The small number of patients in this cohort limits our ability to determine predictive factors associated with histologic discordance. Furthermore, patients who progress with liver metastases may be a distinct clinical entity from those who initially present with liver disease, however we lack sufficient numbers for comparisons. The rates of viable GCT after second-line chemotherapy in our cohort were relatively low compared to other reported series[4]. This results in part from selection bias; only patients able to undergo post-chemotherapy surgery were included, as patients not responding to second-line chemotherapy with multiple sites of refractory disease may not be candidates for combined PC-RPLND and liver resection. Additionally, the lower rates of viable GCT may also be influenced by the improved efficacy of taxane-based regimens used at our center [4].

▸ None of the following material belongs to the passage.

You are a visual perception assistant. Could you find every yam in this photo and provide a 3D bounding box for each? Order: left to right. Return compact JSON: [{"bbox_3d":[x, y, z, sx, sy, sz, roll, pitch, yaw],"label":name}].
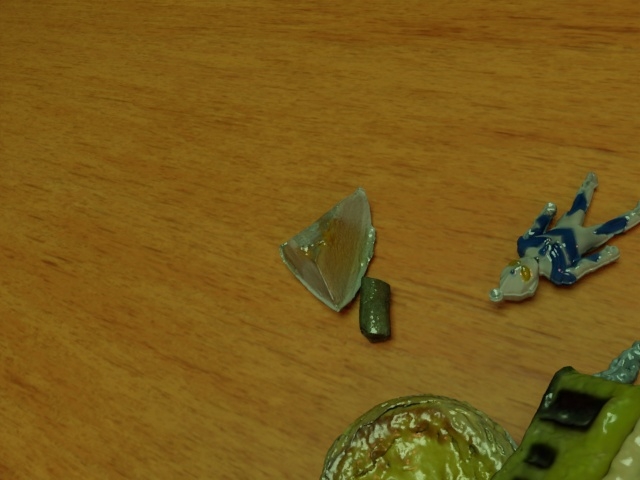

Regardless, in patients where surgery is feasible, aggressive management appears justified, as our patients experienced a favorable 3-year estimated cancer-specific survival of 75%, despite liver metastasis usually being associated with a poor prognosis. Since our survival rate is similar to the reported experiences from other centers, our data further supports the potential for favorable survival outcomes after hepatic resection[1619].

Conclusion

In our contemporary series of patients undergoing PC-RPLND and liver resection, patients with necrosis only in their PC-RPLND specimen still had a substantial rate of teratoma or viable GCT in the liver. This histologic discordance rate is similar to the majority of other reported experiences and is in line with known histologic discordance at other extra-retroperitoneal sites. Our data supports post-chemotherapy hepatic resections in patients who are good candidates for surgery, given the favorable survival rates and known histologic discordance.